AMFA does have a winning strategy.  It is based on 100% solidarity and unity of our members—mechanics, cleaners and custodians.  So far, only a couple strikers out of 4500 have crossed the picket line.

Our strategy includes reaching out to the community, students and of course to other unions.  It isn’t based on waiting for the AFL-CIO or others to win our fight with management.

We know that an independent union, a minority of workers with a powerful and correct perspective, can win and lead the way for all of labor.  That’s the significance of AMFA and our independent policy.

The strike by our members at Northwest Airlines is the most significant labor battle-taking place in the country.  Its outcome will set the tone for labor relations for the near future.  A victory will open the door for a declining labor movement to rise again, and begin to take on the political, economic and social policies of an anti-labor White House and Congress, courts and corporate structures.

A defeat can accelerate the decline of unions—independent as well as those affiliated to the AFL-CIO and its rival.  Labor has been in full retreat for two decades.  The strike is an acid test for unions.

The impact will go far beyond the defeat of the PATCO air traffic controllers’ strike of 1981.  Some 25 years later labor is much weaker.  The failure of the AFL-CIO officialdom to rally to the PATCO union, and its verbal-only support to the Eastern Airline strike less than a decade later, led to new retreats for airline labor.

An employers’ victory today would embolden even more frontal attacks to bring “replacement workers”—scabs—in all industries.

Those of us in the airline industry know this scenario based on a decade of concessions and setbacks.  We at United Airlines continue to operate under Chapter 11 bankruptcy.  It is a likely step that the tyrannical managers of Northwest Airlines, Delta Airlines and other carriers intend to utilize, to seek to break the back of working men and women.

The outcome is not inevitable, as our striking brothers and sisters at Northwest are showing against big odds.  The NWA scab-herding plan—that is, using their allies in the other unions on the property as well as replacement scabs—is not working.  The truth is slowly coming out. How safe are the scab-maintained aircraft?

Which side are you on?  We must ask every worker.

History Is on Our Side

History shows how a small group of workers with a proper perspective and strategy can win.
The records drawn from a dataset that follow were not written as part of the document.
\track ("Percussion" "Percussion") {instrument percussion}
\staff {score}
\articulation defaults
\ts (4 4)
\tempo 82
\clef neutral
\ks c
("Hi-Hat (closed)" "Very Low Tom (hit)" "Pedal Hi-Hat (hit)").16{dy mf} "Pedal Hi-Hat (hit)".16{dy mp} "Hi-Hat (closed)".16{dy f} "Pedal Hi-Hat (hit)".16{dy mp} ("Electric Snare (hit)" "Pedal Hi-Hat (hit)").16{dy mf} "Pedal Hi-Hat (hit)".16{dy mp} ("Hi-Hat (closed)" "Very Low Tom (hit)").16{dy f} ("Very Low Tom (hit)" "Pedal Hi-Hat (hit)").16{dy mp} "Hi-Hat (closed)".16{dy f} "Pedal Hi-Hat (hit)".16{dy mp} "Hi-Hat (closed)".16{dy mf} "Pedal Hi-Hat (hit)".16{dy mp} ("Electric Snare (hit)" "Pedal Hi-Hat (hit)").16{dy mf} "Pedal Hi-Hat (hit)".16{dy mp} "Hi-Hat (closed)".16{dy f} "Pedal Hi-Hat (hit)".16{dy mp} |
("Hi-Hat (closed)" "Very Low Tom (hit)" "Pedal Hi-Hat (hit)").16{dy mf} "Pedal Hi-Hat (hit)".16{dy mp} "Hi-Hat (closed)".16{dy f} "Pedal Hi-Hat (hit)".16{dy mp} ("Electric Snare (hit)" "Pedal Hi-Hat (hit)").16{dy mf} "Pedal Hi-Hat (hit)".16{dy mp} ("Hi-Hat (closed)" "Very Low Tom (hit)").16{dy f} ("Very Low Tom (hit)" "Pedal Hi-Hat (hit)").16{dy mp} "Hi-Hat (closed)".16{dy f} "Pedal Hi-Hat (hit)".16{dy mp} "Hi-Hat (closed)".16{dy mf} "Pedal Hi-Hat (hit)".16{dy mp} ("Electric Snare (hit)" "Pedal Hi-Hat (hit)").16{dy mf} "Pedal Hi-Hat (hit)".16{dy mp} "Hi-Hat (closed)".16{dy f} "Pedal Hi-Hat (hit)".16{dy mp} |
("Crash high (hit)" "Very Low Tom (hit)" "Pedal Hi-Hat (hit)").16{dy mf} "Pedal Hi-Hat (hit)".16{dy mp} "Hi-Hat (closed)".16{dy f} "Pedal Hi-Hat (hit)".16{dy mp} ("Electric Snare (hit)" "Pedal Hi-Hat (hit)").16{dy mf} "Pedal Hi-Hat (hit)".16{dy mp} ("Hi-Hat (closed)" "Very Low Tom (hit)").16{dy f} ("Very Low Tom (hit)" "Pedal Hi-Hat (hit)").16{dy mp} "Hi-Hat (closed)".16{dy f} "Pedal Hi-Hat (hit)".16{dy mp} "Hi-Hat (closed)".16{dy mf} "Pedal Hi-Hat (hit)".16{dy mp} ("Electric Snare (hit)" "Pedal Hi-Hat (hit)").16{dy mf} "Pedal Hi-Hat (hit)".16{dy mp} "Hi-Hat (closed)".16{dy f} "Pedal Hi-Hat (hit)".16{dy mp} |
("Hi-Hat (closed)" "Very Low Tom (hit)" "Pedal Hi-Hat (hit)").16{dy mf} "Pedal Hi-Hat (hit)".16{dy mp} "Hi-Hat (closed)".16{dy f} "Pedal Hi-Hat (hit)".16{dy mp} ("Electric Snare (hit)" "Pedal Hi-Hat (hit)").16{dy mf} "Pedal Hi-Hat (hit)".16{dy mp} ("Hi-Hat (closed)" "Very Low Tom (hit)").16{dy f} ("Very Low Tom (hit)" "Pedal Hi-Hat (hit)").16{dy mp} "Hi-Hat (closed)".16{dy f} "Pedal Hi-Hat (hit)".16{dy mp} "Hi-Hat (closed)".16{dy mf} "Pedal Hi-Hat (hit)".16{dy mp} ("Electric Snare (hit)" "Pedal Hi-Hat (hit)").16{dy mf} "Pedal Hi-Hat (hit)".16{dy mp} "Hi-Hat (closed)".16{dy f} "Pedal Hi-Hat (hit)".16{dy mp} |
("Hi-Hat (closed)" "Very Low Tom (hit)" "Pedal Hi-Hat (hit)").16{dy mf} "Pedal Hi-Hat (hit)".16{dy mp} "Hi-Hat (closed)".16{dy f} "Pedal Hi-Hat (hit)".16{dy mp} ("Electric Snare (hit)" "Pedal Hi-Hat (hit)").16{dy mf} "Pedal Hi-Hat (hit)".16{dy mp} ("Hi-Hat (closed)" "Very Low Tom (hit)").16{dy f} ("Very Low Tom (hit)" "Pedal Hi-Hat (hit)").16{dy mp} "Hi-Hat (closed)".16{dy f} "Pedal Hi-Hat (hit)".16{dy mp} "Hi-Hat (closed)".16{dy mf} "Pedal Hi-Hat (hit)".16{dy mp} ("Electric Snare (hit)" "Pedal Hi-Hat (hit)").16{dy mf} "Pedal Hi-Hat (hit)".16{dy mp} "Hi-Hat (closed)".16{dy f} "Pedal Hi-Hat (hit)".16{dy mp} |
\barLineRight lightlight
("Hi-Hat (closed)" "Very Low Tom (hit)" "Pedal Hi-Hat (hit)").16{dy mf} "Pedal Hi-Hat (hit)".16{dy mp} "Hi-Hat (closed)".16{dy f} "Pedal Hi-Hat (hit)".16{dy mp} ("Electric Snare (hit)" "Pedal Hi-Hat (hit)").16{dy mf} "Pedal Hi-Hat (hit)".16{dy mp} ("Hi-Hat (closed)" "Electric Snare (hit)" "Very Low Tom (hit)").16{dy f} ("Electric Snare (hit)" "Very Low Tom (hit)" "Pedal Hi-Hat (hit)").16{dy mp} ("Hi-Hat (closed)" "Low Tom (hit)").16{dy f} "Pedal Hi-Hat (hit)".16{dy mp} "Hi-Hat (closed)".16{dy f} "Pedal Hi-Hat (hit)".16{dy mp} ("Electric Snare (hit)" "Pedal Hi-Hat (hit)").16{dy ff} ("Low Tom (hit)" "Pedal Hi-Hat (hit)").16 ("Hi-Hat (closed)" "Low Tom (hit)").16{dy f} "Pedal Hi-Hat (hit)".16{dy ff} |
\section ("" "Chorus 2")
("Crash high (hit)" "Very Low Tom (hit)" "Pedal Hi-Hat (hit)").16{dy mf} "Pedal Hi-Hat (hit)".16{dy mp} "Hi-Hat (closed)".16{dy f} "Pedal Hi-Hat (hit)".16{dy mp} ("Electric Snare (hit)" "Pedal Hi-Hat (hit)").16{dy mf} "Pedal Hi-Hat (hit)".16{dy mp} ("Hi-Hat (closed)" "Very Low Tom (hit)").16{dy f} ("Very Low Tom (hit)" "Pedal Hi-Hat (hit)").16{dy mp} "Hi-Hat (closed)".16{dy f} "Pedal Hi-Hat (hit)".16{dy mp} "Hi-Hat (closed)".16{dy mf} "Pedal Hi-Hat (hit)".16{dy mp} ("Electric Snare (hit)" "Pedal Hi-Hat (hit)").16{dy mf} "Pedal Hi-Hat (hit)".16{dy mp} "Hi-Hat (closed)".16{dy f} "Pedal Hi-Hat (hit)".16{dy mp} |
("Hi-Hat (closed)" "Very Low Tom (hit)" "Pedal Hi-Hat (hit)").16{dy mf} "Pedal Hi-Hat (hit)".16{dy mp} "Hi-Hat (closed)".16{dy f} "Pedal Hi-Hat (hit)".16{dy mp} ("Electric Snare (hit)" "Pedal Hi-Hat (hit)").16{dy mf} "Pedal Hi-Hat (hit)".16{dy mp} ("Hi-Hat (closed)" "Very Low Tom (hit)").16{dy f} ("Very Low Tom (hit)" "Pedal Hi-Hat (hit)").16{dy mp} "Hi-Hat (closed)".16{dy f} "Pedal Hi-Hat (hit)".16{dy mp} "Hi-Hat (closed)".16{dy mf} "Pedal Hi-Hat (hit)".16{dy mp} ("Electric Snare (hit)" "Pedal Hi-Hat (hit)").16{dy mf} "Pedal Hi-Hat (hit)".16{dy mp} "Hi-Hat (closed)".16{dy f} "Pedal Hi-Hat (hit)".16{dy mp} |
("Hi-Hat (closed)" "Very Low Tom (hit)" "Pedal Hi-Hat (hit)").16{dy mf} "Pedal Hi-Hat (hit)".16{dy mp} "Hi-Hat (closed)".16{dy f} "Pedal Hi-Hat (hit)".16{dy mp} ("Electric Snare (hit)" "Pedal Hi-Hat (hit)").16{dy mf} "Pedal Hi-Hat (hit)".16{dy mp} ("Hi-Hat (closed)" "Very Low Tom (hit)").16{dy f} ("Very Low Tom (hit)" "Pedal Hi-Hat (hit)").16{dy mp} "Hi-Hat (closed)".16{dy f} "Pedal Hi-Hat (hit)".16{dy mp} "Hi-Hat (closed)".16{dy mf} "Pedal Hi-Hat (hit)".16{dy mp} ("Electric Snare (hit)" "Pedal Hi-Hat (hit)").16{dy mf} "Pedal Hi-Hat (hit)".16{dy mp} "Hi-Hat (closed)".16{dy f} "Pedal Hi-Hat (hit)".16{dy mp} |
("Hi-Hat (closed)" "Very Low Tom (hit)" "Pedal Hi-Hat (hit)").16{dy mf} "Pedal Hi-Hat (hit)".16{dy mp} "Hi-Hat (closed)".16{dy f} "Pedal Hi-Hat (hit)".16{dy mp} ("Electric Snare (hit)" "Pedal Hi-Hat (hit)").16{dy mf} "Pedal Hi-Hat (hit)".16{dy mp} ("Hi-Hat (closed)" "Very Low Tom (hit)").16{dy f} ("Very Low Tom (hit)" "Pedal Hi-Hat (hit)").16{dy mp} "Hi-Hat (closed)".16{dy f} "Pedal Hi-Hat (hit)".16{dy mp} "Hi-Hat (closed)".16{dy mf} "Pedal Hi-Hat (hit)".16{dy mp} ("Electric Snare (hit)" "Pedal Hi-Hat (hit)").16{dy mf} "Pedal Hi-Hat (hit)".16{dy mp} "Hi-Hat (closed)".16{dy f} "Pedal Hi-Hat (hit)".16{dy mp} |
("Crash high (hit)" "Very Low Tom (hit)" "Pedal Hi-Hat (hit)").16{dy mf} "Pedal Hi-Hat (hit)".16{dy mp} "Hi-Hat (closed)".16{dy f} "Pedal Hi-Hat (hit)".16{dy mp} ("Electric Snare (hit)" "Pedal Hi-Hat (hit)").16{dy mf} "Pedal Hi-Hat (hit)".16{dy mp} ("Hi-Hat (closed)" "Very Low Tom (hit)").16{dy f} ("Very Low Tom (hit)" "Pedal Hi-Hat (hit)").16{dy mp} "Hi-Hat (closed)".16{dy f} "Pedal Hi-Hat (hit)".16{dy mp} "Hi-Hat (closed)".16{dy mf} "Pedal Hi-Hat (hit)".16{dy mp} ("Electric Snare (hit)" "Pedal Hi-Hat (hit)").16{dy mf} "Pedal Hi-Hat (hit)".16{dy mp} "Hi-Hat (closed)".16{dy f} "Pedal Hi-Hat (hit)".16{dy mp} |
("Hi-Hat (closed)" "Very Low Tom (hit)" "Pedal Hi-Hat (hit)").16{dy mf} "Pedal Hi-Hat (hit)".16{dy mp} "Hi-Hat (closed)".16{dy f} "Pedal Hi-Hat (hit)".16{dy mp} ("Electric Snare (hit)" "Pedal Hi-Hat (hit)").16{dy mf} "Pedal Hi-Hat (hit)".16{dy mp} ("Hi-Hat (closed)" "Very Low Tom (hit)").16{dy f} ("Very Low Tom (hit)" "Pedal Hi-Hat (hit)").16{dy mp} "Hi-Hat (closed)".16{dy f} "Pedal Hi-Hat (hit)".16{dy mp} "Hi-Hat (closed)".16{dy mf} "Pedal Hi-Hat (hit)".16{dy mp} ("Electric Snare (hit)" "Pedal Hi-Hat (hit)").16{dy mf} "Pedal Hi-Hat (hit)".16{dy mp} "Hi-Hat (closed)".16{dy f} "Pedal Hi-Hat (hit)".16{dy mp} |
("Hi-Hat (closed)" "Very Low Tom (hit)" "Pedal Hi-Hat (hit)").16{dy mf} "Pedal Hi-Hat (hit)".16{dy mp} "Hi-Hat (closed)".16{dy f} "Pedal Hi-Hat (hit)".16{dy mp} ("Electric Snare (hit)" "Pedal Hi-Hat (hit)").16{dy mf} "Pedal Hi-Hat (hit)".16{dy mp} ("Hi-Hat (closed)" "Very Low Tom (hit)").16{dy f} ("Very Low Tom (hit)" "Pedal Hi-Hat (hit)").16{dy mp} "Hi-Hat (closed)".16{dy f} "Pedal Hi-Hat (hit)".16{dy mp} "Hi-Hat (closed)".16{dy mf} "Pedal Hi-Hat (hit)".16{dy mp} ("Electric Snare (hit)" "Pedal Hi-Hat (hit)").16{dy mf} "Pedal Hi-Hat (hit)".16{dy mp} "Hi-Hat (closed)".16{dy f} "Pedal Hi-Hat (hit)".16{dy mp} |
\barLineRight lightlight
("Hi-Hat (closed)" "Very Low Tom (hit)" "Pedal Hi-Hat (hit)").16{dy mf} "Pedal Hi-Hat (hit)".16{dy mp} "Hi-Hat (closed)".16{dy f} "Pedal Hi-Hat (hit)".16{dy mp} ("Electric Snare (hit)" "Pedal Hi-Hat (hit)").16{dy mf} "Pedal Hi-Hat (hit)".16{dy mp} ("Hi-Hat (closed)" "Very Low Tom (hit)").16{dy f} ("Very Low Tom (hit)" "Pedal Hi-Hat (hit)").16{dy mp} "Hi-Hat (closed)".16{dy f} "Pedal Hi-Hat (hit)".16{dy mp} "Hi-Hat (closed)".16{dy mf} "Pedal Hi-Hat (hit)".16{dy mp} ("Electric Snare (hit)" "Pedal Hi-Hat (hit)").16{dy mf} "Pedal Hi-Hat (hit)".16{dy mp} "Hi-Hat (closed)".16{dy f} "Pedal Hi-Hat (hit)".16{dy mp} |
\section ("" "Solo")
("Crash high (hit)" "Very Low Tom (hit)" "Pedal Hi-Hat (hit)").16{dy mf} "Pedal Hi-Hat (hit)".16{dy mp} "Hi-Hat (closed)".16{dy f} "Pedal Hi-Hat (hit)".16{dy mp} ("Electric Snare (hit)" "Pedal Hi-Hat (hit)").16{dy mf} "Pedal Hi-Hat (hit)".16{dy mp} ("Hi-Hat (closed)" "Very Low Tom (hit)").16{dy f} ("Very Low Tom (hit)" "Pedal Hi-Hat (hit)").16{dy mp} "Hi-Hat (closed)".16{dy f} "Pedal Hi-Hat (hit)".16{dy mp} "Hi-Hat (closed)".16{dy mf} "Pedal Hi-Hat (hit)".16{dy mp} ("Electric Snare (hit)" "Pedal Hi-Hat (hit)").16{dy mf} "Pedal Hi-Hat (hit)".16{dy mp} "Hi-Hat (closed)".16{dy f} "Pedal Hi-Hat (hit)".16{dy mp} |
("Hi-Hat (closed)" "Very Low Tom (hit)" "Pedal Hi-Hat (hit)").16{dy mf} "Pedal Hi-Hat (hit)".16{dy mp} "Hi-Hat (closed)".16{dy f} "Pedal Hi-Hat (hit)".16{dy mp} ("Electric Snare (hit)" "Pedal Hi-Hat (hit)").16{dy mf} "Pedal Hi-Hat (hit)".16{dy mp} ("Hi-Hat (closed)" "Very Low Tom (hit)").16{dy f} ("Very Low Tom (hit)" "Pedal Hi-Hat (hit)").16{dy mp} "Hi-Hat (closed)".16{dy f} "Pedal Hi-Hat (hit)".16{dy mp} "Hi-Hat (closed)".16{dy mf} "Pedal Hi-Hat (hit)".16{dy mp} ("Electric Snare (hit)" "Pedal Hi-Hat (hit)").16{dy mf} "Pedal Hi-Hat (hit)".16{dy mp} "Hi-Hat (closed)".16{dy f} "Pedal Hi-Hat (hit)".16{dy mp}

We can learn how workers stood up, struck and used creative tactics to win against the employers and the bosses’ allies in government.

In the early 1930s after the Great Depression, workers suffered major defeats as millions lost their jobs.  The American Federation of Labor (organized labor of the time) in 1920 had about 4 million members.  By 1933, it was down to 2 million.

In the early 1930s, most strikes went defeated.  The bosses were imposing slave-like working conditions.  It looked bleak.  Unemployment was massive.

In 1934, three important strikes by men and women like our strikers at Northwest took up the battle and changed history for all of labor.  The three strikes took place in two of the cities that the current NWA strike is occurring: Toledo Auto-Lite, outside of Detroit; the Minneapolis truck drivers’ strike; and the general strike in San Francisco that was led by (Longshore president) Harry Bridges.

The three strikes were significant because workers not only struck; they also won broad support from the community, farmers and others who saw that “an injury to the strikers was an injury to all working people.”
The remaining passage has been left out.